The proceeding was initiated on 11 May 2001 so that, assuming a limitation period of 6 years, a cause of action arising before 11 May 1995 would be barred.

  1. The plaintiffs in their reply merely assert that the writ was issued within six years after each cause of action arose and further, that time began to run from the date of the amendment of the statement of claim.[35]

    [35]Reply,  para 2.

  1. At trial, apart from intermittent references to the fact that claims were “subject to the statutory limitations”, nothing positive was said about these defences by counsel for the defendants.  In his final address on the last day, counsel for the plaintiffs observed that nothing had been said about these defences but that, since passing references to them had been made during the trial, he took it that they had not been abandoned.  He then asserted three answers to them.

·The cause of action in respect of the distribution of fees received by Luxmoore did not arise until the fees were agreed and received by Luxmoore.

·The statute has no application to claims for breach of fiduciary duty.

·There is “a written acknowledgement of that debt” in the witness statement of Ms Hamill.  It is not clear where this is made and what debt is acknowledged.

These matters were not pleaded and no argument was addressed for or against them.  Counsel for the defendants, having some days previously said that he would say something about these defences, made no mention of them in his final address other than to observe on occasions that the defence was raised, or at all in his address in reply.

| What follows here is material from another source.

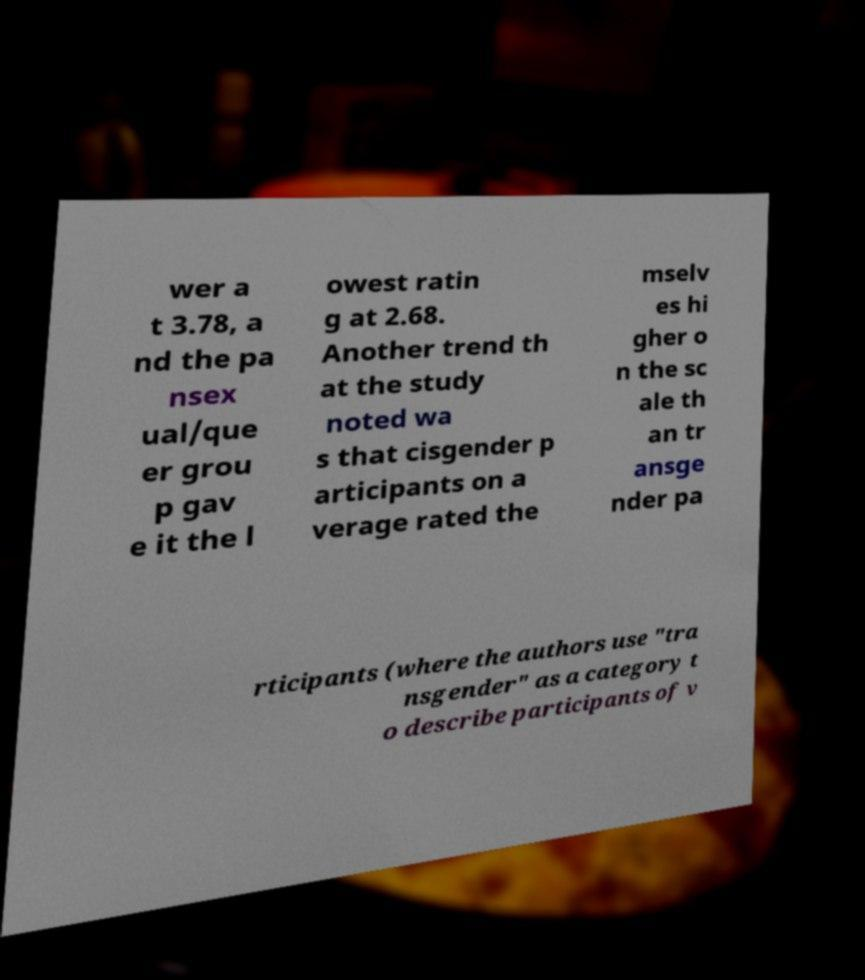I need the written content from this picture converted into text. Can you do that? wer a t 3.78, a nd the pa nsex ual/que er grou p gav e it the l owest ratin g at 2.68. Another trend th at the study noted wa s that cisgender p articipants on a verage rated the mselv es hi gher o n the sc ale th an tr ansge nder pa rticipants (where the authors use "tra nsgender" as a category t o describe participants of v

  1. My complaint is that, in adversarial litigation in this court, it is for the parties to identify and argue the contentions which they want the court to decide.  While the pleadings should, and do, identify the issues, it so often happens that they contain a large number of matters which turn out not to be pressed.  Such was the case with the plaintiffs’ claims in this case.  In the defence the limitations pleas were expressed in general terms and did not specify the provision relied on, the cause of action which is said to be barred or the facts relied on.  It is for counsel to highlight, develop and present submissions as to fact and law on the issues that they consider important; it is not for the judge to conduct an enquiry into matters which the parties do not choose to deal with.  It may be that, in a given case, they do not do so by agreement or for some other good reason.  In this case, for example, there is something to be said for the contention that the cause of action in contract arose on 15 May 1995 when the 1991 agreement was repudiated.  I could well imagine, too, an argument which fixes this date as the date of receipt of the fees by Luxmoore or on the date that Hydedale invoiced Luxmoore for its share.  It may be that there is something to be said for the proposition that, in the circumstances of this case, time runs from the amendment.  I express no view about these matters.  On any of these views the defence would not succeed.  The difficulty is that the pleas in the defence do not make it clear how the defence is put and this deficiency was never remedied by oral argument, or otherwise.  If this was because counsel took the view that the defence had no prospect of success, it was clearly his responsibility to make this clear; if not, he should have presented argument in support of it.

  1. In the circumstances, I decline to entertain the defences based on the Limitation of Actions Act.

Conclusion

  1. It follows from what I have written, that the firstnamed plaintiff, Hydedale, has established an entitlement to $114,166 damages for breach of contract and to $4,375 in respect of the loan.  I will hear counsel further as to the terms of the orders to be made to give effect to these conclusions and as to costs.